Было ясно – по сочувствующему, однако понимающему взгляду Мириам, – что та не поверила ни единому слову. Мириам, как и все остальные, наверное, думала, что Сисси слишком много выпила. Ну что ж, пусть так.
Наконец наступило блаженство, массовый исход: поцелуи и обещания встречаться, радостные прощания, звуки заводимых моторов и шорох шин по гравию.
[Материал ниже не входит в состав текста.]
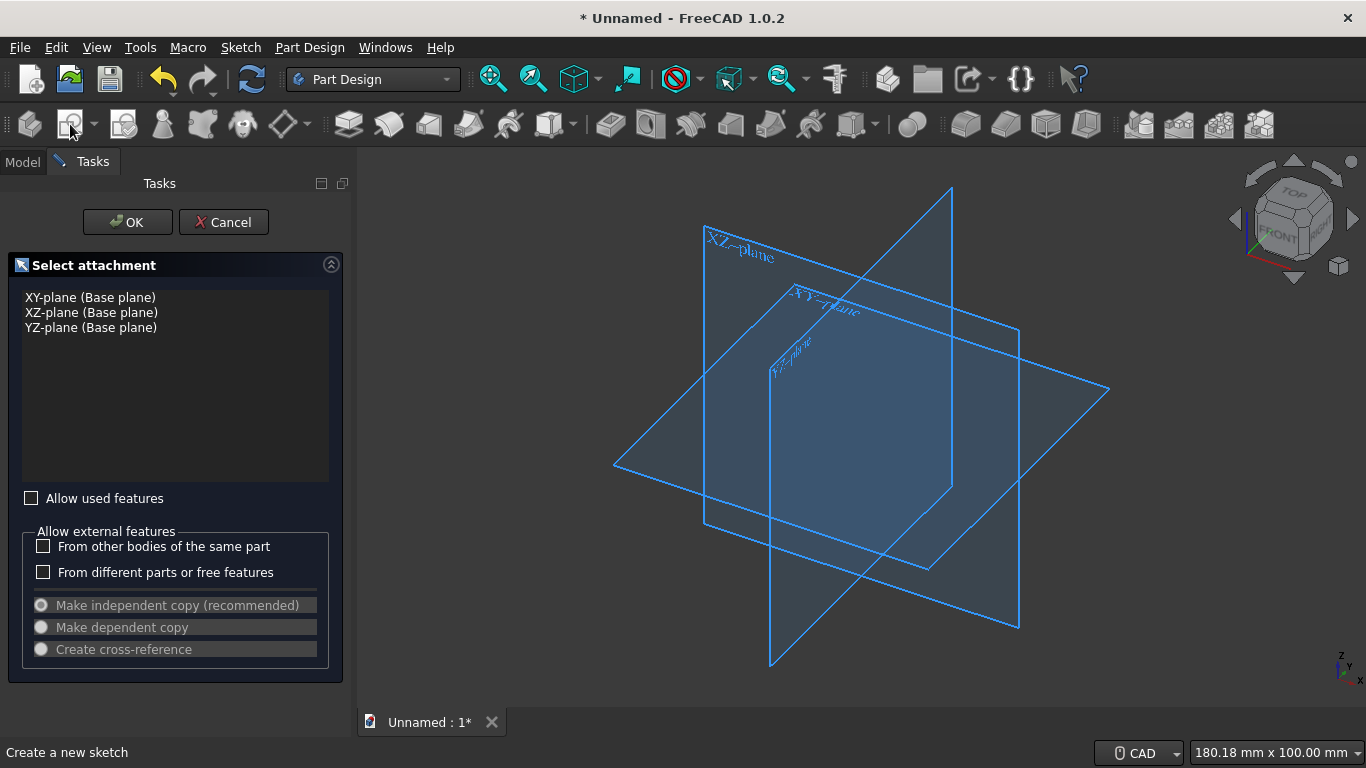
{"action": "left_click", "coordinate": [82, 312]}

Лидия Пинкней прокричала:
– Клянусь, Корделия Траскотт, на днях я собираюсь подглядеть, как ты готовишь заливное с помидорами, и похитить у тебя его рецепт!
Когда она проводила последнего гостя, на глаза Корделии попался Бич, пересекающий вестибюль, словно моряк на наклонившейся палубе, одна его рука засунута в карман и бешено позвякивает ключами. Она открыла рот, чтобы предупредить его об опасности езды в таком состоянии, но прежде чем ей удалось произнести хоть слово, от толпы отделился Гейб.
– Может, мне отвезти тебя, Бич? – спросил он непринужденным тоном. – Я как раз еду в ту сторону.
Бич бросил на него раздраженный взгляд.
– Нет, спасибо, я в порядке. У меня есть своя машина.
– Конечно. Но разве ты не должен оставить ее Каролине? Она ей вскоре понадобится, как только она будет готова ехать домой.
– Я сказал, что справлюсь, – разозлился Бич, и его красное лицо побагровело. – Ты что, думаешь, я не смогу?
– Я этого не говорил.
– Ладно, тогда… – Бич попытался пройти мимо, но Гейб схватил его за руку.
Корделия перехватила выражение изумления на тупом лице Бича – бывшей звезды, прежнего полузащитника футбольной команды средней школы имени Роберта Э. Ли, ростом превышавшего Гейба, по крайней мере, сантиметров на десять, – когда он попробовал вырвать руку и не смог.
Ей показалось, что у нее закружилась голова. Странно, но она почувствовала, как ее переполняет испуг, смешанный с восхищением.
– Отпусти, – пробормотал Бич, сердито взглянув на него. – Я знаю, что ты понимаешь по-английски… хотя до меня не доходит, почему ты зарабатываешь себе на жизнь, сгребая листья.
– И я знаю, что ты понимаешь английский, Бич, – ответил добродушно Гейб. – Потому что ты хотя и с трудом, но закончил мой курс.
– Ты что, принимаешь стероиды? – Бич неуклюже пытался превратить все в шутку.
– Ладно, Бич, пойдем, – благожелательно сказал Гейб.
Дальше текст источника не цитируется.